Poking is another tenderizing technique that involves puncturing the surface of the steak. To use a poke tenderizer on a steak, you take a fork or a poke tenderizer and stab the meat repeatedly. The tines of the fork will go into the meat breaking up the fibers manually. Poking tenderizers are tools that you can buy at kitchen supply stores to help you tenderize your meat. These tools have several sharp metal skewers poking out of a handle. You take the tool and stab the skewers repeatedly into the meat to loosen up the fibers and break down the protein.
The last method of tenderizing steak we have for you is salting or dry brining. Salting and dry brining are the same thing and are the method of covering the meat in salt and letting it sit. While this may seem like a weird way to tenderize meat, it works very well.

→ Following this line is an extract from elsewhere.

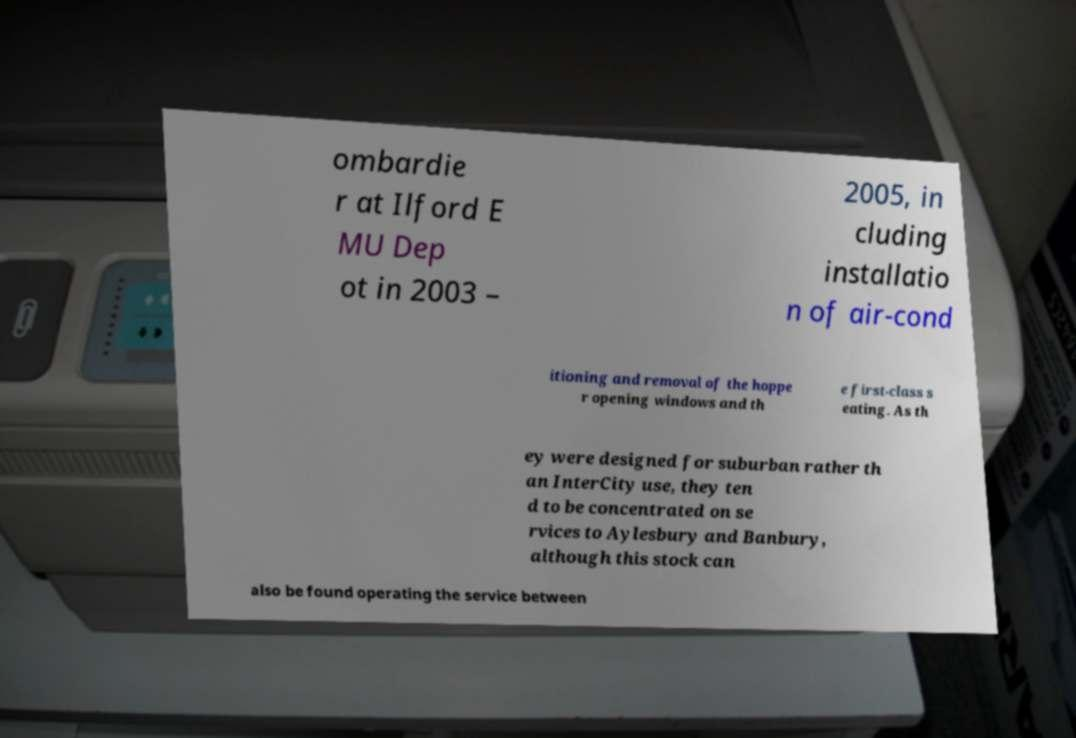Please read and relay the text visible in this image. What does it say? ombardie r at Ilford E MU Dep ot in 2003 – 2005, in cluding installatio n of air-cond itioning and removal of the hoppe r opening windows and th e first-class s eating. As th ey were designed for suburban rather th an InterCity use, they ten d to be concentrated on se rvices to Aylesbury and Banbury, although this stock can also be found operating the service between

Overall, there are many different methods of meat tenderizing to choose from. What works for you and your steak will depend on what you are planning on making with it. As you can see from the list of tenderizing options above, there is a different type of tenderizing for each job. For a standard tenderizing method, a powder is a great option. To thin out a thicker or inconsistent piece of steak, you may want to try the pounding method or the poking method. If you have time on your hands and want to infuse the flavors of your marinade or sauces into your steak, then try marinating or wet brining. Regardless of which method you try first, any one of these methods from our list is one of the best ways to tenderize steak. Now that your question about how to tenderize steak has been answered, we hope that you enjoy your steak cooking journey and find the method that’s right for you!